> **Problem requirements**
Exact copy, no pictures: return all the records as they stand.

[[ Data records open ]]

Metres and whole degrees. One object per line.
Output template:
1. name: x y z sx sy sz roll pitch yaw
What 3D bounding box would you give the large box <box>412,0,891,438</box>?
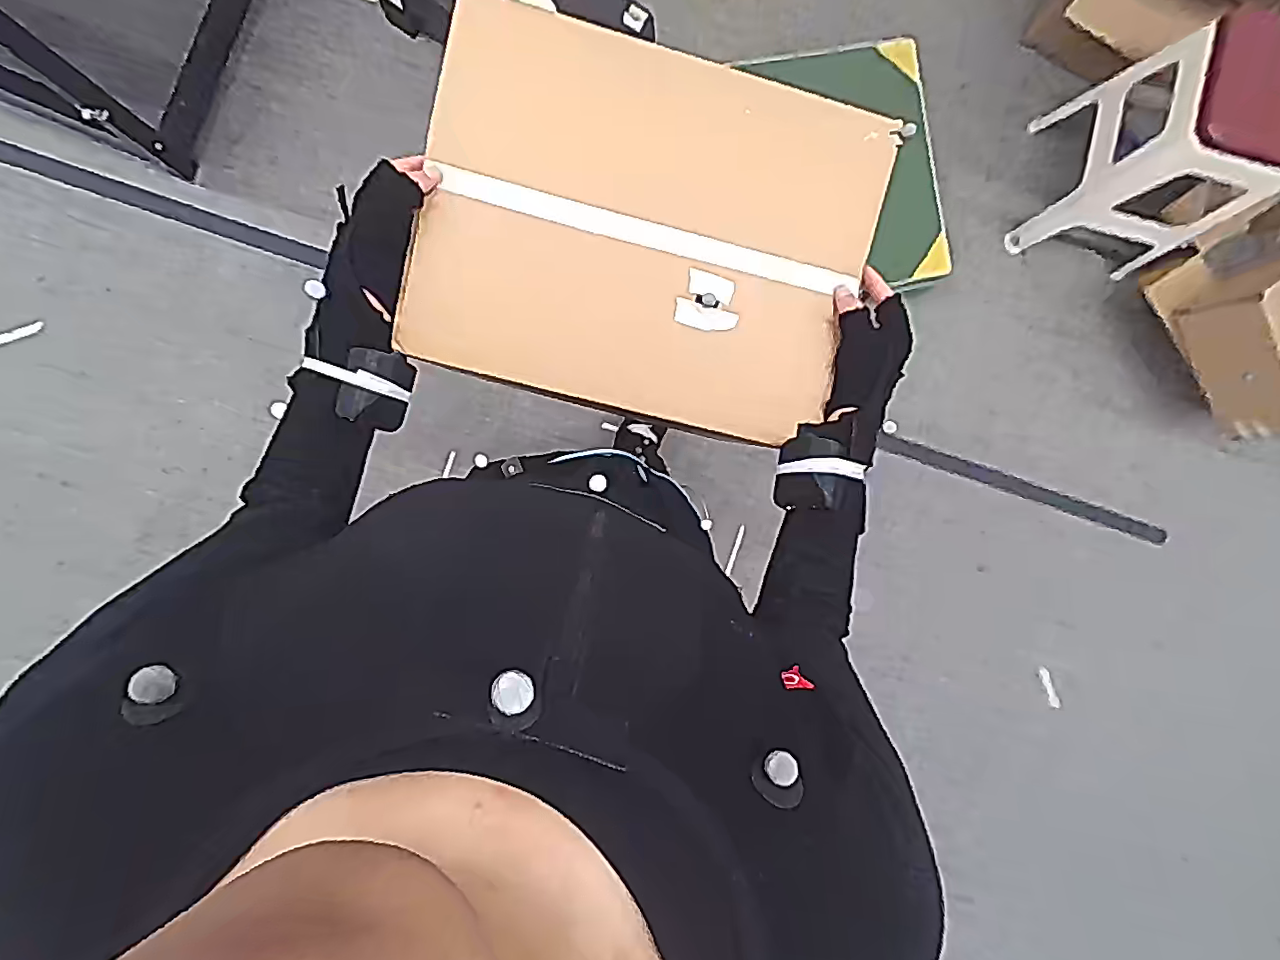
1. large box: -0.001 -0.245 0.649 0.408 0.320 0.320 13 96 -7
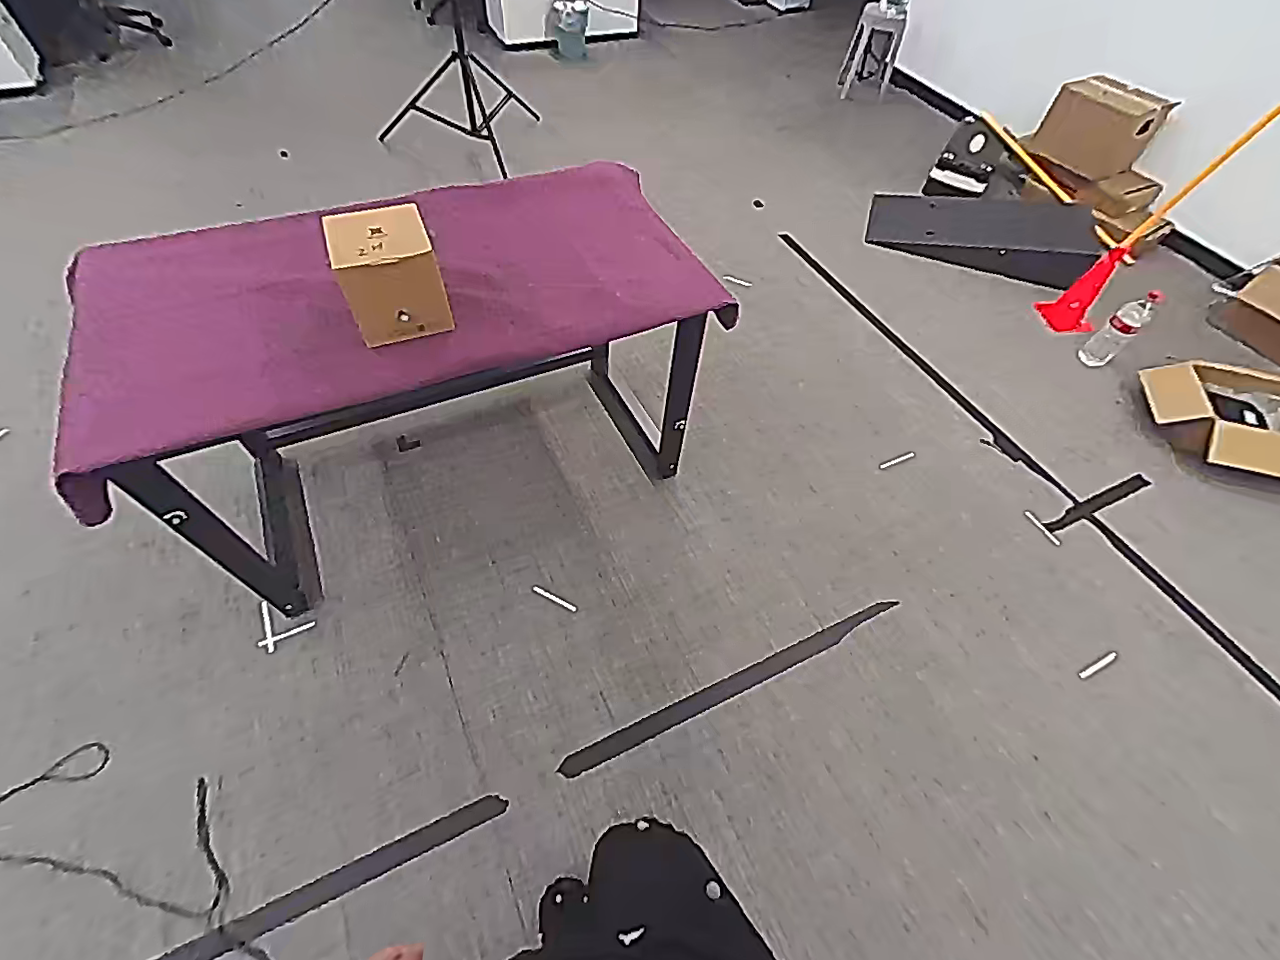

[[ Data records closed ]]

> **Solution to the exercise**
Metres and whole degrees. One object per line.
Output template:
1. name: x y z sx sy sz roll pitch yaw
What 3D bounding box would you give the large box <box>412,0,891,438</box>?
1. large box: -0.001 -0.245 0.649 0.408 0.320 0.320 13 96 -7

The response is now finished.